Interest rates unknown, so much depends on external factors. Inflation could still be an issue.
Marg
 
G'day,

just wanted to get a quick idea of what some of us think will happen with finance over the next year to two years. So far during the crunch, the Australian lending world has been left relatively un-changed, by comparison to that of UK, USA etc etc.
The libor and other inter-bank funds seem to be getting cheaper, but what of things such as LMI, LVR's and credit assessment, who expects what to change and for how long (if any change at all).

Cheers.

You haven't been paying attention. Lenders have already moved back down the risk curve..they've just been discrete about it (the joy of automated credit scoring models).
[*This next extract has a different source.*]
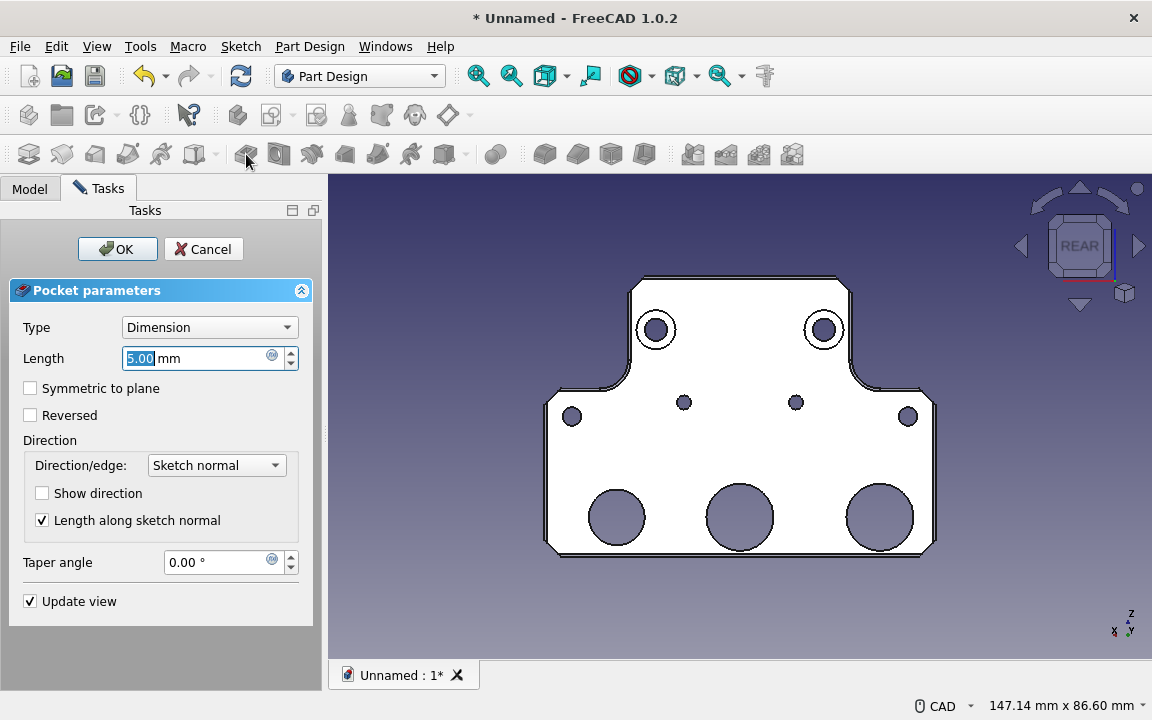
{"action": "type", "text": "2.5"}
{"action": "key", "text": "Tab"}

Mortgage insurers have been reworking their risk appetite for 12 months and doing much the same thing


I think we will see a return to more prudent lending criteria regarding deposits and also percentage of income allowed to be allocated for repayments.
Marg

Yep. With reduced competition, plenty of good loans at healthy margins to be written without having to offer deals to anyone on the riskier end of things.
 
Not sure if its related to the changing risk appetite of banks, my partner ( preapproved by ANZ for a greater amount then actually asked for about 3 weeks ago ) is having major issues with ANZ approving a loan at 95%. Apparently ANZ have approved the loan, but the LMI provider is either 1) backlogged ( which is what they tell us every day....) or 2) reconsidering their operations model. Either way, we have been waiting over 5 days for the LMI component of the loan to be approved, and we are stressing big time! Anyone else see this or know what this about?
 
from what i have heard the banks are 'keen' (excuse the pun) to write business but the mortgage insurers are knocking the deals on the head
 
we have now gotten to the point where we don't need LMI because of increased values. We are just looking in a line of credit before purchasing a block for development.
 
Hiya IJ

In general id say, ANZ lmi are over worked.
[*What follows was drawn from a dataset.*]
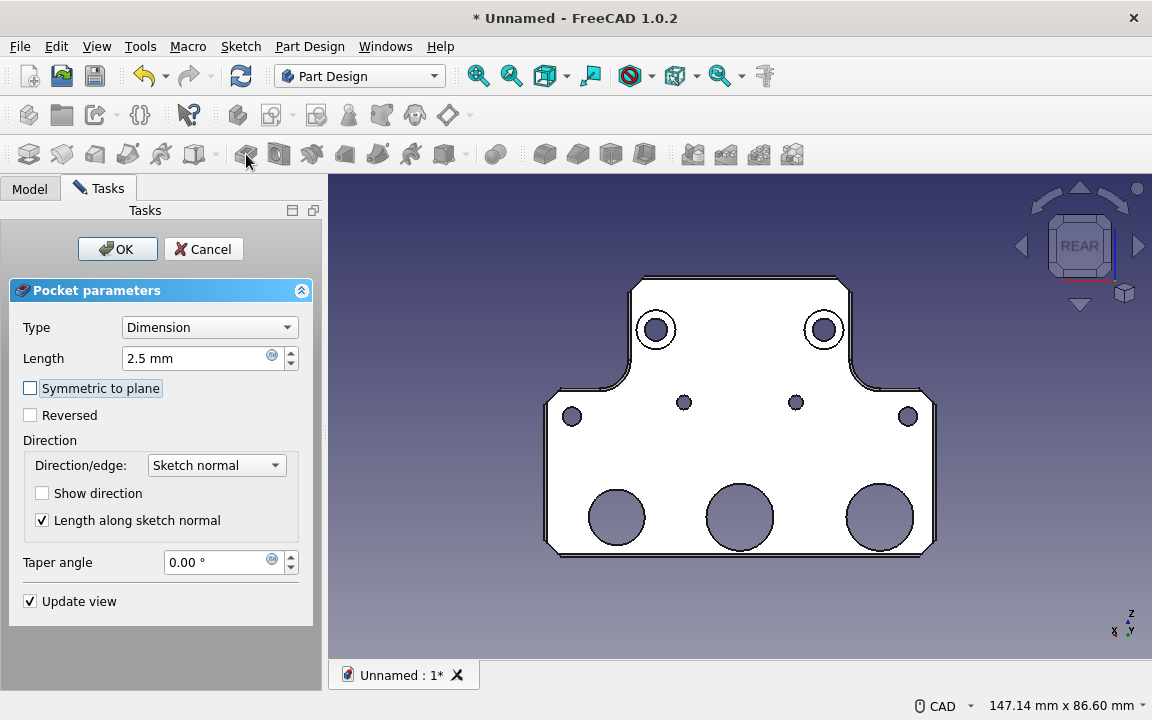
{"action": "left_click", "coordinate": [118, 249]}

We are seeing similar issues.

yes lending practices are getting more prudent, BUT let me say it again.

if you are a borrower that earns ok money, have a clean CRAA, have a decent security, and want lvrs at less than 95 to 100, we have as much money as you folk would like :)

While on the one hand there are crys of rationing etc etc, my reality is that today, most lenders have a bunch of money to lend, indeed they are chasing us to place more loans, please,................now

ta
rolf
 
Not sure if its related to the changing risk appetite of banks, my partner ( preapproved by ANZ for a greater amount then actually asked for about 3 weeks ago ) is having major issues with ANZ approving a loan at 95%. Apparently ANZ have approved the loan, but the LMI provider is either 1) backlogged ( which is what they tell us every day....) or 2) reconsidering their operations model. Either way, we have been waiting over 5 days for the LMI component of the loan to be approved, and we are stressing big time! Anyone else see this or know what this about?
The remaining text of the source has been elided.